_Given material_.
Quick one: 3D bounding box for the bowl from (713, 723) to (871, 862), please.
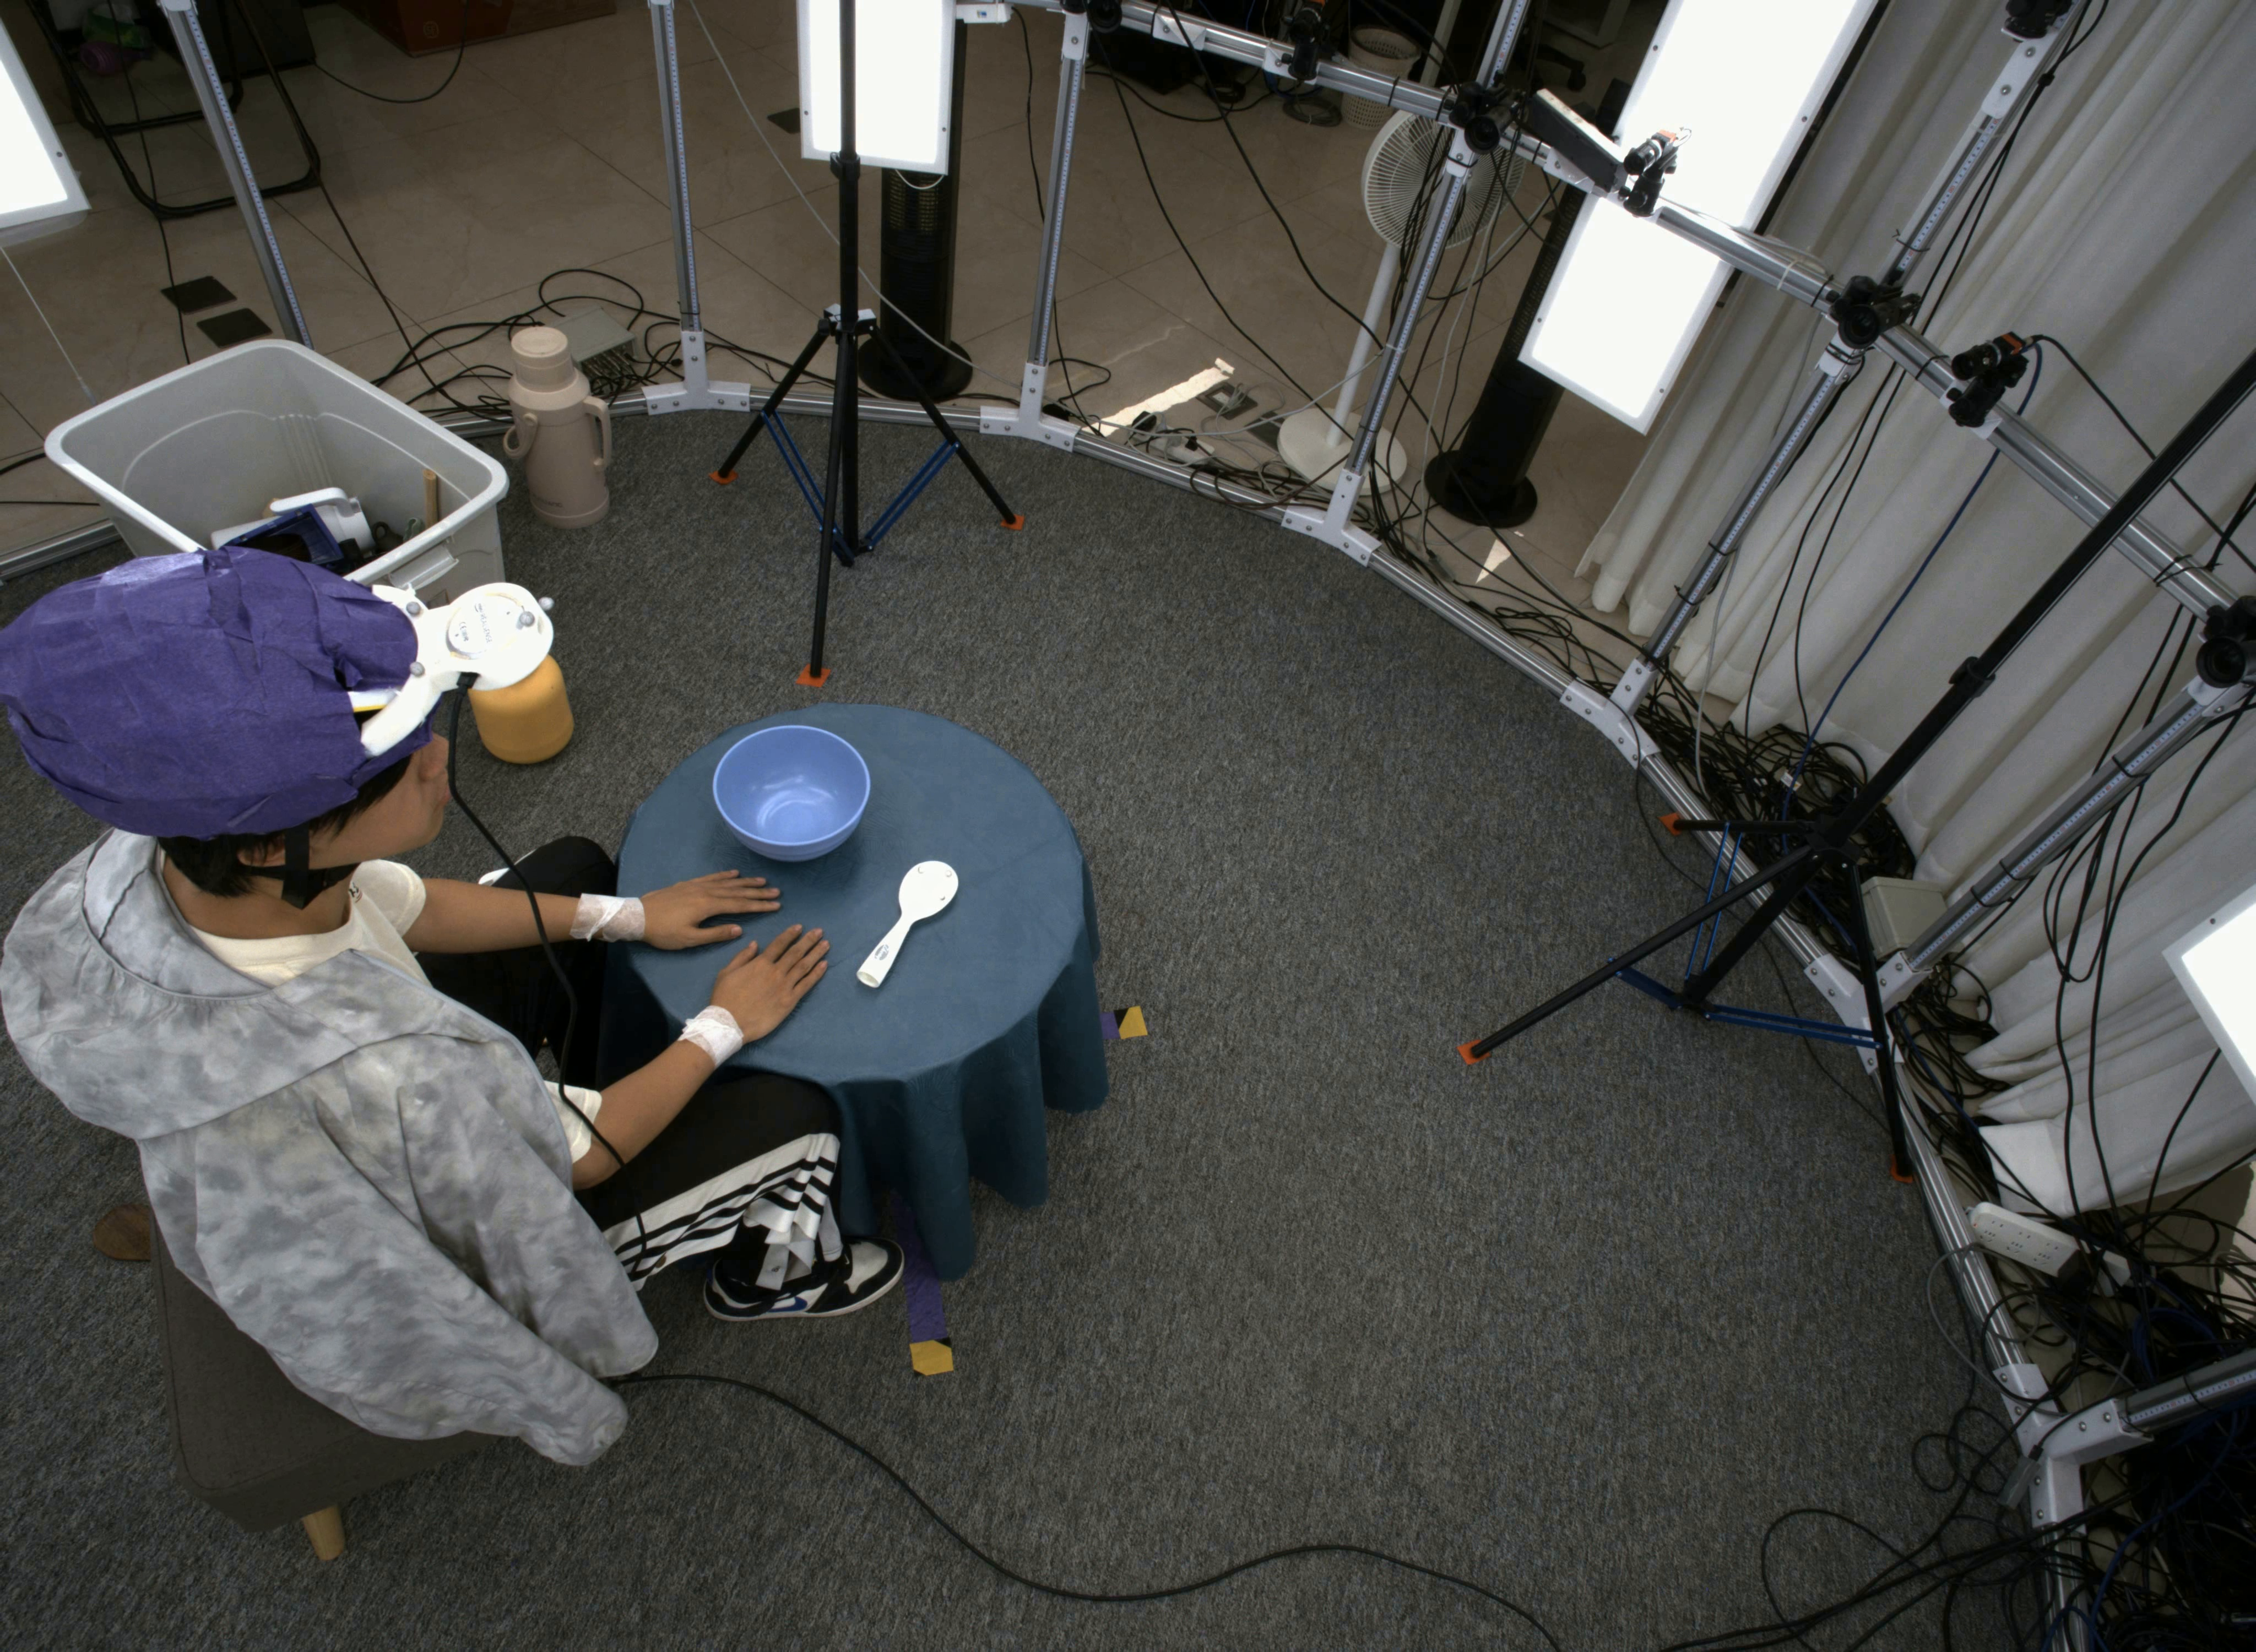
[{"bbox_3d":[-0.434,-0.028,1.682,0.196,0.097,0.193,9,52,-9],"label":"bowl"}]

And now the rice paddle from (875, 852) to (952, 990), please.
[{"bbox_3d":[-0.278,0.112,1.666,0.067,0.030,0.203,9,55,10],"label":"rice paddle"}]
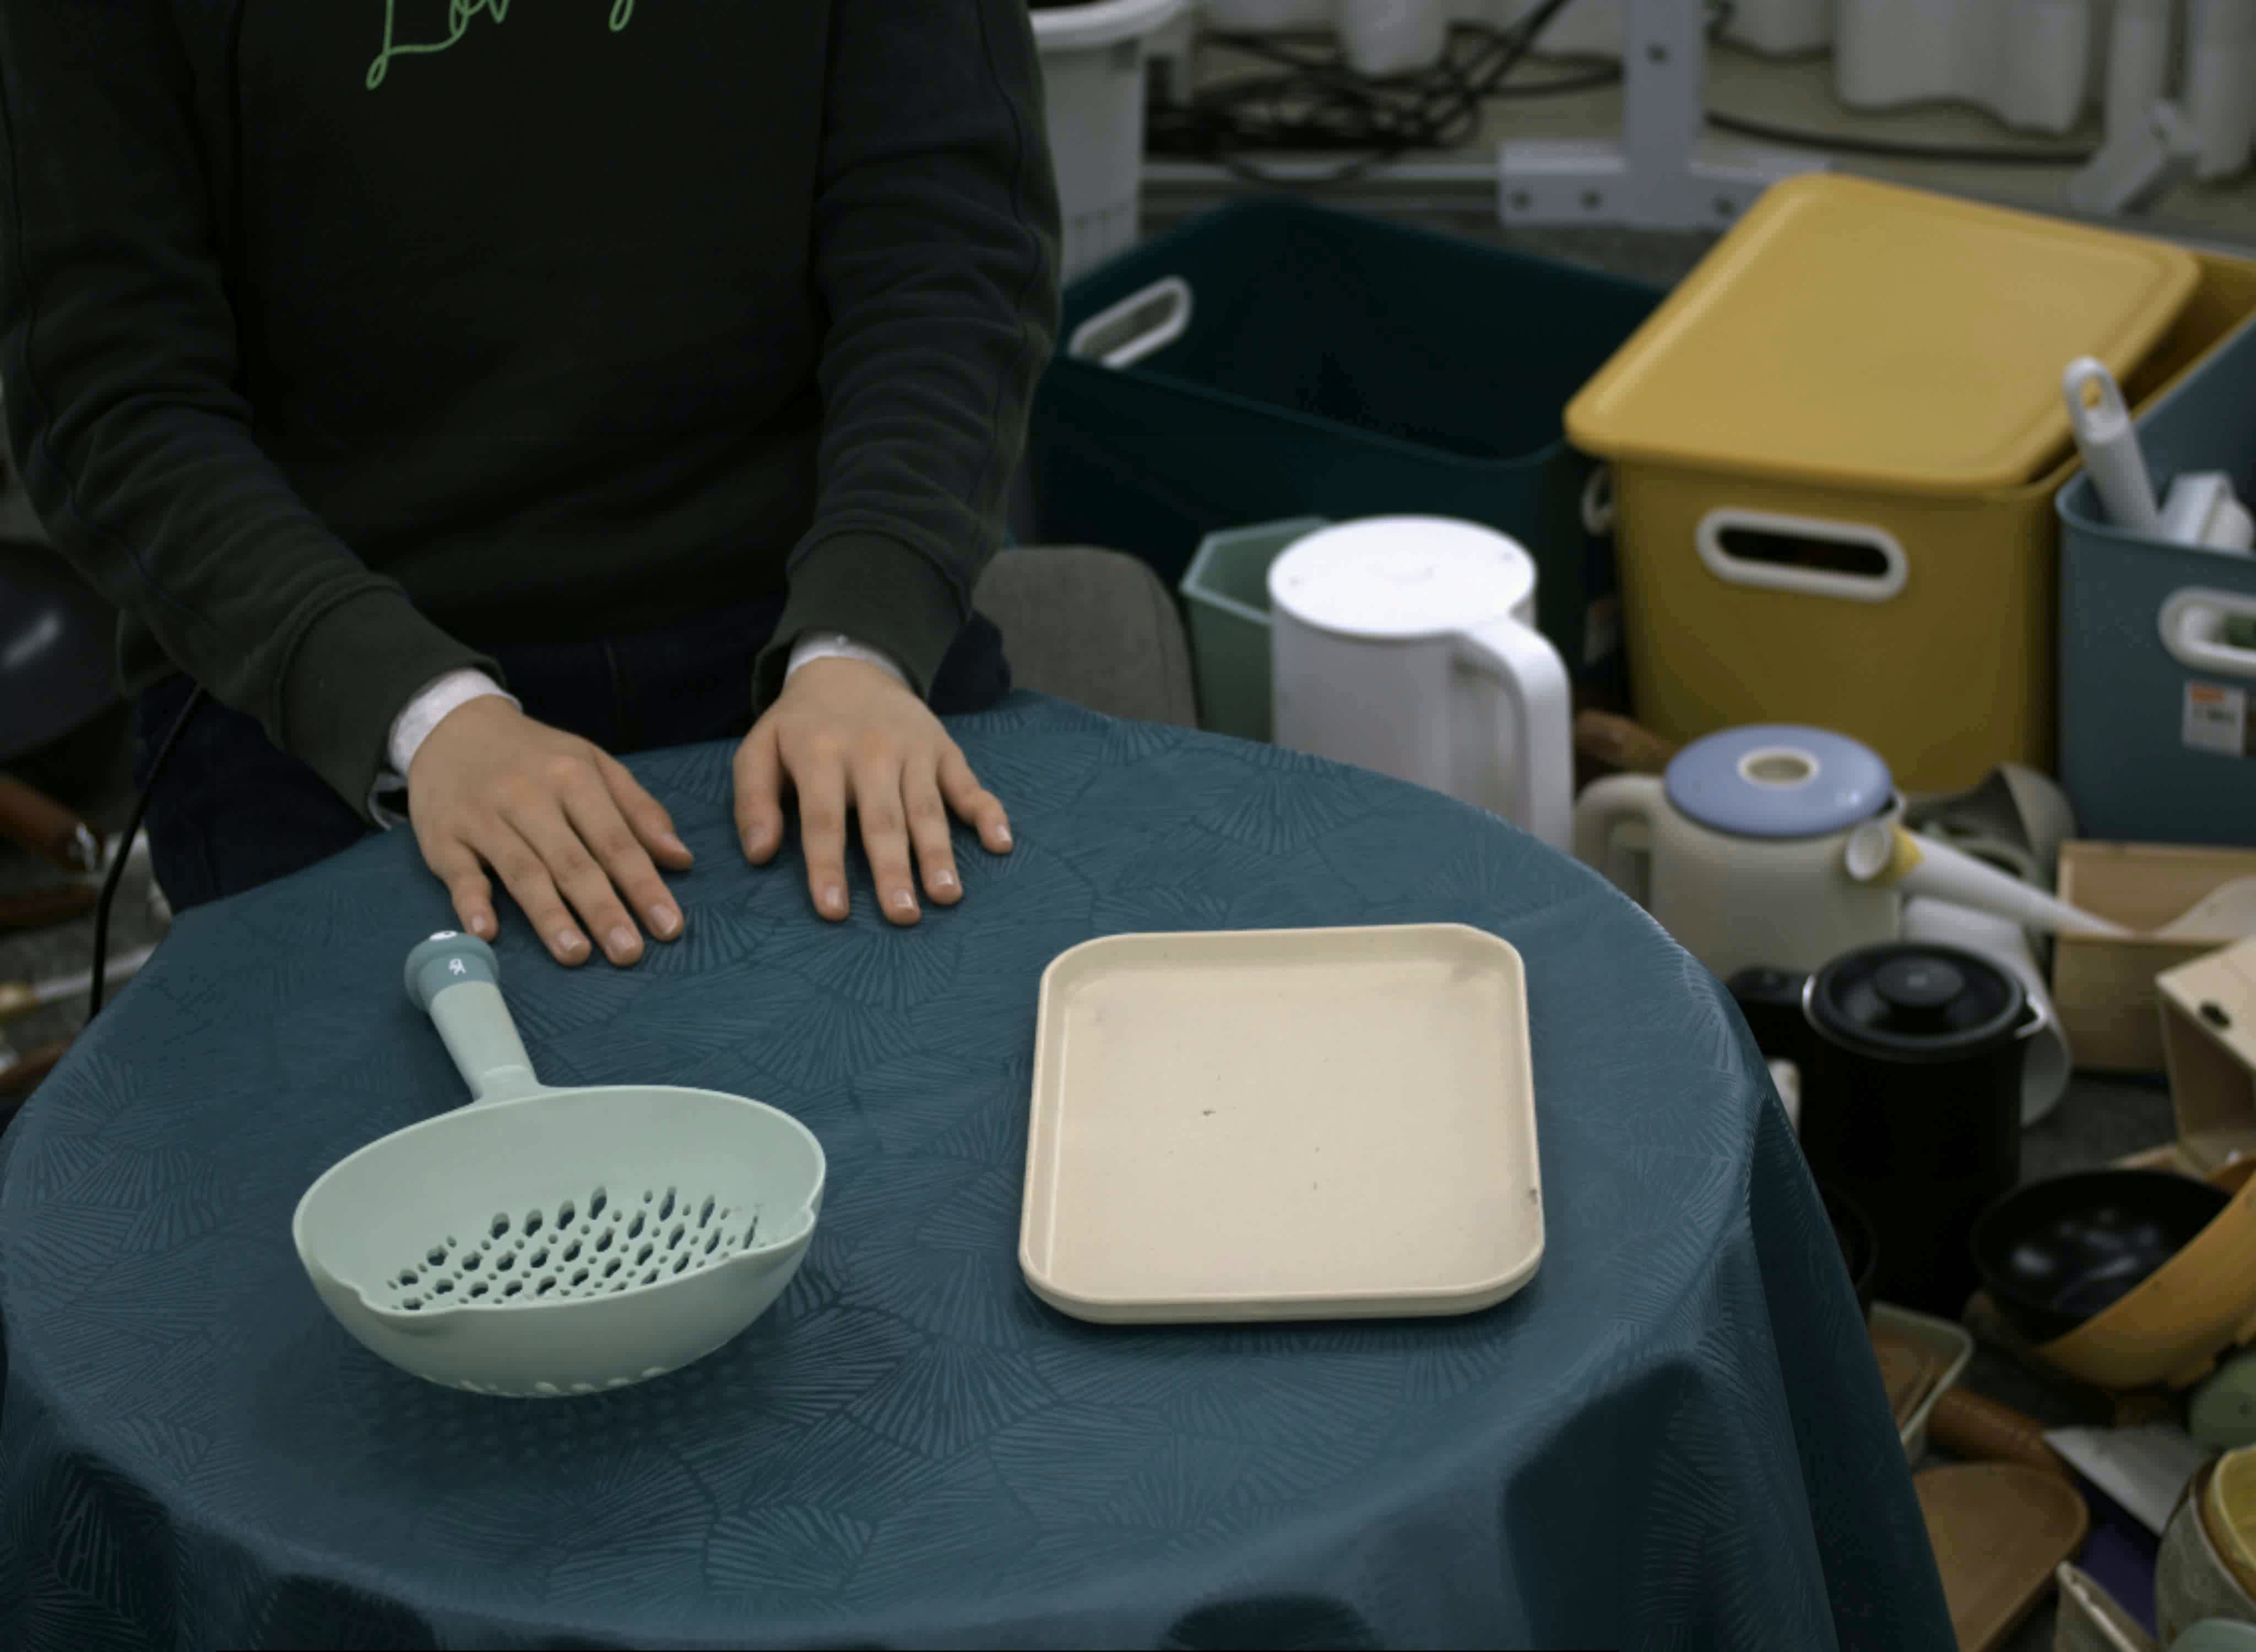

_Your instructions_.
All of the data above should be printed again exactly, though none of the pictures belong in the copy.

_Your solution_.
Quick one: 3D bounding box for the bowl from (713, 723) to (871, 862), please.
[{"bbox_3d":[-0.434,-0.028,1.682,0.196,0.097,0.193,9,52,-9],"label":"bowl"}]

And now the rice paddle from (875, 852) to (952, 990), please.
[{"bbox_3d":[-0.278,0.112,1.666,0.067,0.030,0.203,9,55,10],"label":"rice paddle"}]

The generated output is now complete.